Врач был доволен результатами осмотра, но удивился, сколько Хироко продержалась на ногах. Шейка почти открылась, были уже видны волосы ребенка. Ободряюще взглянув на роженицу, врач пообещал, что вскоре все кончится. Но выходя из палаты, он вызвал Рэйко. Хироко корчилась в очередной схватке, но не издавала ни звука, чтобы не потревожить больных, лежащих за занавеской из одеял.
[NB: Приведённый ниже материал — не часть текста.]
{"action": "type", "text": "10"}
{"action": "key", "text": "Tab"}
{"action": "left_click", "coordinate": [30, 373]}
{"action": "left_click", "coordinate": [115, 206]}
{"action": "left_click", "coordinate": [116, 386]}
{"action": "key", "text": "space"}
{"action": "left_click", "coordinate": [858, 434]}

Рядом, в палате, спали пациенты, и Хироко измучили бы угрызения совести, если бы криком она разбудила кого-нибудь из них.
— По-моему, ребенок слишком крупный, — сказал врач Рэйко. — Мне бы не хотелось делать кесарево сечение — пусть всеми силами пытается родить сама, даже если для этого кому-нибудь придется встать ей на живот. Не хочу делать такую операцию здесь, в лагере, без крайней необходимости — это слишком рискованно и для нее, и для ребенка.
Рэйко кивнула, тревожась за Хироко, которая так и не подтвердила, что отцом ребенка был Питер. Если это правда, ребенок мог оказаться слишком крупным, чтобы Хироко справилась с родами сама. Но она ничего не сказала врачу, а он ушел проверить других пациентов.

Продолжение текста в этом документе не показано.